Every line from the one with "Units: m, deg." to the one with "This view is 60.3° wide.", including those two, is to be copied exactly; all other lines of the entries below are left out.

*DATASET ENTRIES:*
- - - -

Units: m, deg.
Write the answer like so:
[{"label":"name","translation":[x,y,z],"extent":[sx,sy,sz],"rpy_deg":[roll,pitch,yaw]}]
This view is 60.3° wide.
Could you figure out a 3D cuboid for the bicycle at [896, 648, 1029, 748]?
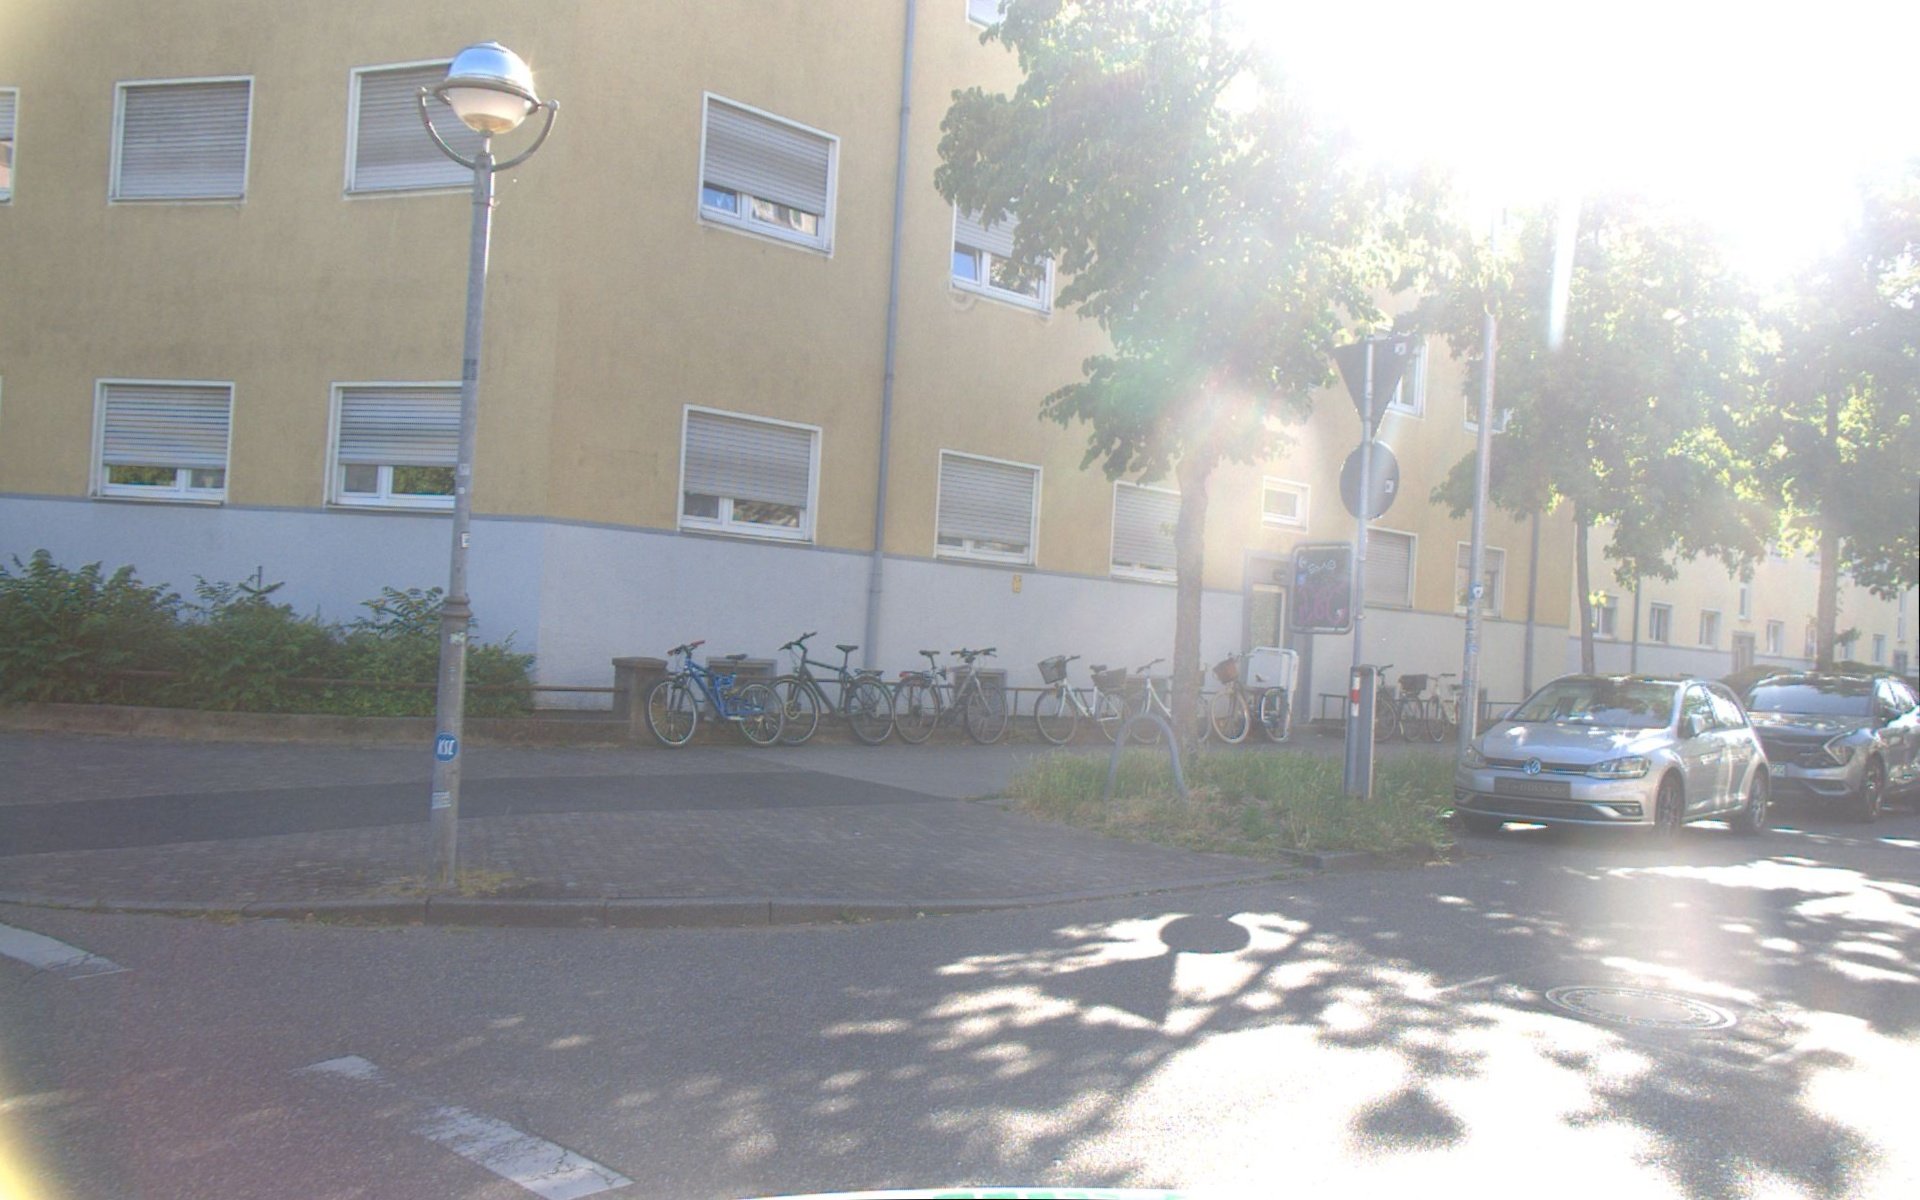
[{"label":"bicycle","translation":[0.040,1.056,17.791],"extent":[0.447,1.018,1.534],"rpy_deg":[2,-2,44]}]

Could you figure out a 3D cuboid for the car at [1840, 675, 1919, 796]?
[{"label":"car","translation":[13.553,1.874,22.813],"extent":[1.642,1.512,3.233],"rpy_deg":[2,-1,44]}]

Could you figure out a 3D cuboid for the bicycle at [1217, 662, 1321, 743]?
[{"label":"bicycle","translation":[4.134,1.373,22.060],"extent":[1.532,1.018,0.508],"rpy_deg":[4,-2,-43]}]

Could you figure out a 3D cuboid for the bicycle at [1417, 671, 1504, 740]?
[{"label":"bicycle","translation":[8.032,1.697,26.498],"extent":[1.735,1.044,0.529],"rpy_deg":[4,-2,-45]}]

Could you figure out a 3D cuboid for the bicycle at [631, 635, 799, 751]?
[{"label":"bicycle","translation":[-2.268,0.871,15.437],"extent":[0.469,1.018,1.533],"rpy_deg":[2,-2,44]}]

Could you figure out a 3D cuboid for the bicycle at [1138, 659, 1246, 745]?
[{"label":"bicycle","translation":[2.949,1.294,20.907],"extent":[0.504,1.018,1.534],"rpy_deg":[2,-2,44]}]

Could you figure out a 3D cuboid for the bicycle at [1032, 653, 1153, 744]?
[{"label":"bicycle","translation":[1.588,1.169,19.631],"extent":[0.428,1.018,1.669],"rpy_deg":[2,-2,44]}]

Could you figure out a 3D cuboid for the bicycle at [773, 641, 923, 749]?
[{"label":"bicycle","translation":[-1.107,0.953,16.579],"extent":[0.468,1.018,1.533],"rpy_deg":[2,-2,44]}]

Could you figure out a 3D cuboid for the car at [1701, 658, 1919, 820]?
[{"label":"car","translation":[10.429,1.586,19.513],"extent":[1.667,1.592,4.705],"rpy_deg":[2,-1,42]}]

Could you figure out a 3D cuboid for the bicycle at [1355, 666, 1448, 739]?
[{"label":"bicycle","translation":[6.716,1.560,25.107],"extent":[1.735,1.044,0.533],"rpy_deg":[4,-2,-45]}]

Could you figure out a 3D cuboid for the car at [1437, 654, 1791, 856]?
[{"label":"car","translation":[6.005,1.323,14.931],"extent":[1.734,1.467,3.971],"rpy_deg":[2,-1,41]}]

- - - -

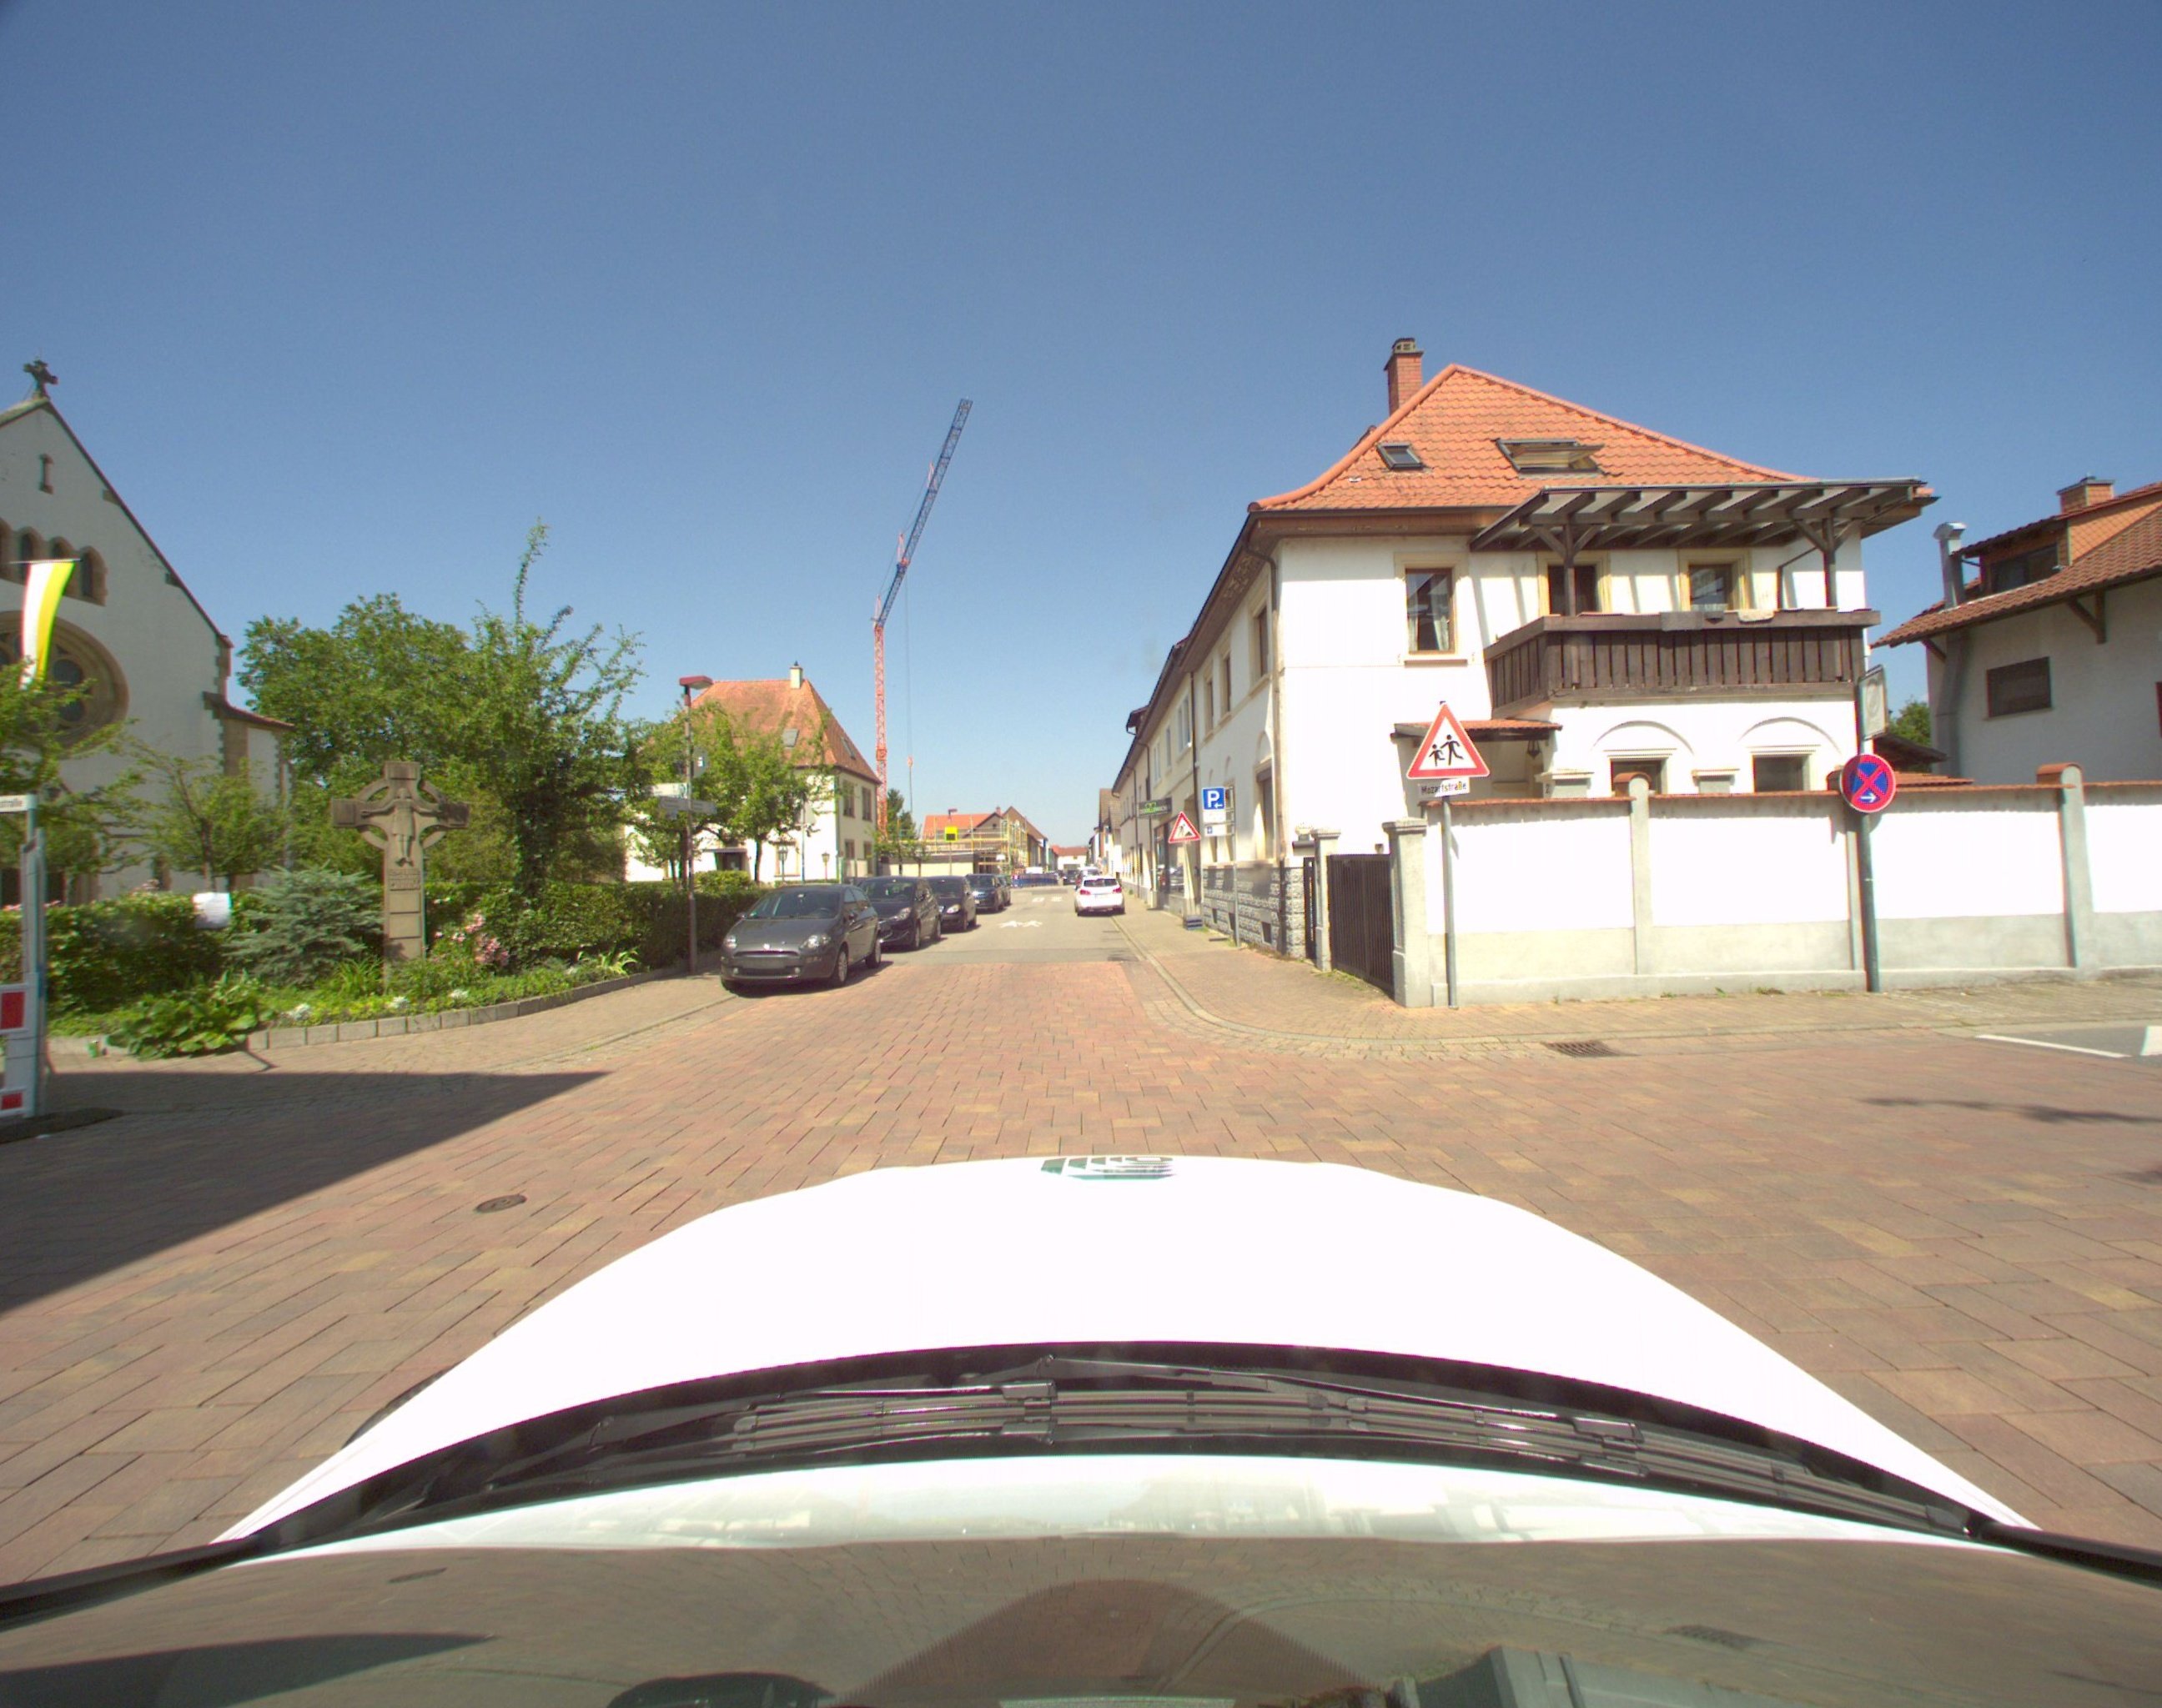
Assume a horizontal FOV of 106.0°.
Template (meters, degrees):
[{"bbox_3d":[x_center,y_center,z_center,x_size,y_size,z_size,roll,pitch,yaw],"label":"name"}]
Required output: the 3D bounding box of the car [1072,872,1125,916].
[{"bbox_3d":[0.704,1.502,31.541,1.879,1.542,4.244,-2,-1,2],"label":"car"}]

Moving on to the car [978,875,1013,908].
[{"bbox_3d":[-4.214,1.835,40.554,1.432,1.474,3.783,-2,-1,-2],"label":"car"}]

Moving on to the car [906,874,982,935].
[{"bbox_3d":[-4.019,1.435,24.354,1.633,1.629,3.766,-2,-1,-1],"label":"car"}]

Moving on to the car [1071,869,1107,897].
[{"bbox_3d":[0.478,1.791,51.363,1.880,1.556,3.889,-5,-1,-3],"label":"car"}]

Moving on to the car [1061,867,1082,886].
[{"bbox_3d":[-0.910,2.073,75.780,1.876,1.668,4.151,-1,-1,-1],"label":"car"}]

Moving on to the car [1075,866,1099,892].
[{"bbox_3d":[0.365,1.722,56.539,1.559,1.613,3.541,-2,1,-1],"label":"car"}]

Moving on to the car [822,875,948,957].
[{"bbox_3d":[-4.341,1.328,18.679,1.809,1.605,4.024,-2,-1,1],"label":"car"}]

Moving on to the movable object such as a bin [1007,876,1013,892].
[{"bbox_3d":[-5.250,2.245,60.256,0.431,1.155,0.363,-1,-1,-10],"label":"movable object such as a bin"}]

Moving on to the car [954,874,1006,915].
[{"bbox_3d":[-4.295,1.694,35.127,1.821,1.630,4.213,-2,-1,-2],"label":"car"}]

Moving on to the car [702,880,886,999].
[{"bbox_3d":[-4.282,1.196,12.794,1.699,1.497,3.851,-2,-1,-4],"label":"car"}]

- - - -

*EXPECTED ANSWER:*
Units: m, deg.
Write the answer like so:
[{"label":"name","translation":[x,y,z],"extent":[sx,sy,sz],"rpy_deg":[roll,pitch,yaw]}]
This view is 60.3° wide.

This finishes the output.